Hang Out Here: Pateley Bridge | Living North

Hang Out Here: Pateley Bridge


Landscape Image of Peer Lawther in the valley
Officially the best village in Britain (it’s a small town, but we’re not judging), Pateley Bridge is the perfect base if you want to explore the Yorkshire Dales

Eat: Do as the locals do and share a calzone and a bottle of crisp Pinot Grigio at Olley’s Ristorante and Pizzeria – your slice of the Amalfi Coast in the heart of the Dales (complete with romantic candle lighting).
Drink: Pateley Bridge has its fair share of good, honest country pubs. Grab a pint of Black Sheep from the Masham brewery (just 15 miles down the road) in The Crown Inn then hotfoot it over the bridge to sample the rest of Yorkshire’s finest at the Royal Oak.
See: In an area known for its limestone, local residents arranged for a celebrated sculptor to create a life-sized streetscape in a disused quarry, and The Coldstones Cut went on to win national awards.
Do: Gorge walking, rock climbing, abseiling, caving, canoeing – explore the best of the local landscape at How Stean Gorge.

Eat: The Yorke Arms – yes, it’s the obvious choice, but the food is incredible, the views are spectacular and Frances Atkins is just about our favourite chef.
Drink: Heck, book yourself in for the night at The Yorke Arms and sample the wine flight too. With all that country air and some exquisite food in your belly, you’ll be begging to round the evening off with a malt whisky by the open fire.
See: Set over 400 acres, Brimham Rocks are an amazing collection of, you guessed it, weird and wonderful rock formations. Climb through, over or around to your heart’s content, but keep a watchful eye out for the Dancing Bear.
Do: Yorkshire has produced its fair share of Olympic cyclists and thanks to the Tour de France you’ll find many two-wheelers stretching their legs on the roads surrounding Pateley Bridge. But if you’re after that all-important yellow jersey, you’ll have to tackle the seven percent gradient Greenhow Hill first.

Eat: Ripley ice cream is something of a local delicacy. From a small outbuilding adorning the village store, you can sample all sorts of fabulous flavours from pistachio to blackcurrant crumble overlooking the 14th century castle.
Drink: If you’re going to have a day out in Grassington (and you must), make sure you pop into The Fountaine Inn in Linton on the way back to Pateley. This hidden gem serves refined pub grub (picture beef brisket slow roasted in ale) and has a very well-stocked bar.
See: This part of Yorkshire is home to the largest monastic ruins in Britain. Fountains Abbey dates back to 1132 and you can still see monks in full garb wandering around the flood-lit ruins (though these ones are tour guides). Visit in the summer months to enjoy the events programme which includes live entertainment, family bike rides and ornithology sessions.
Do: Did you know that Wilfred Owen, Lewis Carroll and Daniel Defoe all found inspiration in Ripon? Get your creative juices flowing as you walk the historic streets and explore the Medieval cathedral, which can be traced back to the seventh century.

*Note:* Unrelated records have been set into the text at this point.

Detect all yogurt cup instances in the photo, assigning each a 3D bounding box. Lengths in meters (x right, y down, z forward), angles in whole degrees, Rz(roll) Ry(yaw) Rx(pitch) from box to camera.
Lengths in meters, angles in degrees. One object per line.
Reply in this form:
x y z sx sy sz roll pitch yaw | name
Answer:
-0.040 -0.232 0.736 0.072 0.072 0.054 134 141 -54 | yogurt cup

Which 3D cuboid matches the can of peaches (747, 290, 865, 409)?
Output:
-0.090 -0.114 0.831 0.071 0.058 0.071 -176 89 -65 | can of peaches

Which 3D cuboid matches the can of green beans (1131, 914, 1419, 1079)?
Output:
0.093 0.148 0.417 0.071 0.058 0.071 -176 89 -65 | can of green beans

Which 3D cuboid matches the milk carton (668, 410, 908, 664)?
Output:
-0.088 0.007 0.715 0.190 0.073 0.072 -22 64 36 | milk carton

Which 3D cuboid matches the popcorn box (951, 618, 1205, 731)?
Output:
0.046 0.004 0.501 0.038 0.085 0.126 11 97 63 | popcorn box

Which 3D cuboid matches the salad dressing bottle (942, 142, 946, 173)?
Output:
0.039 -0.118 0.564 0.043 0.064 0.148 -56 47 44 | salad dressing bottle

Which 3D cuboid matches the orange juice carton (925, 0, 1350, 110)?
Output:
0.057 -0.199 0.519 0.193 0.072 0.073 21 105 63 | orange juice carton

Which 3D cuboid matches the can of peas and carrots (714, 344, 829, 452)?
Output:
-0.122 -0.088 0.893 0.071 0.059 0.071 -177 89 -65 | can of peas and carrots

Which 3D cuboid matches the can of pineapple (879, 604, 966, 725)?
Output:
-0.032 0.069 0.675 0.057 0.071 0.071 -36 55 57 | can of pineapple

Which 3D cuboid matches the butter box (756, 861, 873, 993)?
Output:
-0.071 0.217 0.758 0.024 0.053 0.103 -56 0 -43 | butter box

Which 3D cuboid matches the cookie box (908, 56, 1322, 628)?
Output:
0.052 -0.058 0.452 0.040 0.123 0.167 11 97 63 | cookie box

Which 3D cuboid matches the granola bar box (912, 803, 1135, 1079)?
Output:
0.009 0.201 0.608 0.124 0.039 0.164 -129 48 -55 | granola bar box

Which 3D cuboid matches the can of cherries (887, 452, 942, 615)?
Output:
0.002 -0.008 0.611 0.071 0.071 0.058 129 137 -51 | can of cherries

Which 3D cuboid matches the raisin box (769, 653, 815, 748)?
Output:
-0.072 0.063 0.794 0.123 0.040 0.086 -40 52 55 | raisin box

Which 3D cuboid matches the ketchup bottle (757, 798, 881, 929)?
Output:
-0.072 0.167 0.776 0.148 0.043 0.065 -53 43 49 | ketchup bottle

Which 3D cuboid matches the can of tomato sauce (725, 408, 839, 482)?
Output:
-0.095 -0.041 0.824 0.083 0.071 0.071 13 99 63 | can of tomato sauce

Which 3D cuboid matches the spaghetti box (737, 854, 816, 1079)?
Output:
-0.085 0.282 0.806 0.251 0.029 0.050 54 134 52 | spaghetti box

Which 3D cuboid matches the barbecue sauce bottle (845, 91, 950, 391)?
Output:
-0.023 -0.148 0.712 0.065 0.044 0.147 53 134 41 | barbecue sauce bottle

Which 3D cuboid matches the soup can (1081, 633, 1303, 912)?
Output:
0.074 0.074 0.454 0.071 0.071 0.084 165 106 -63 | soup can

Eat: Restaurant 92 showcases the incredible talents of young chef Michael Carr. Still in his early twenties, this local lad spent three years at Claridges of London with Gordon Ramsay and 18 months with Alyn Williams before returning to his native Harrogate.
Drink: Harrogate’s first micropub, The Little Ale House is run by a husband and wife team and offers proper hand-pulled ale and a cracking pork pie. Perfect. It’s dog friendly and even offers bar snacks for your four-legged friend.
See: Apart from Agatha Christie’s mysterious disappearance, Harrogate is probably most famous for its Georgian spa and the Mercer Art Gallery is housed in the town’s historic Promenade Rooms. It sells work from upcoming North Yorkshire artists and has a lively exhibition programme.
Do: Over 40 rides and attractions, wet ‘n’ wild rapids, a tree top assault course, falconry displays, a boutique shopping village and an 18-hole dinosaur-themed golf course – there’s something for everyone at Lightwater Valley.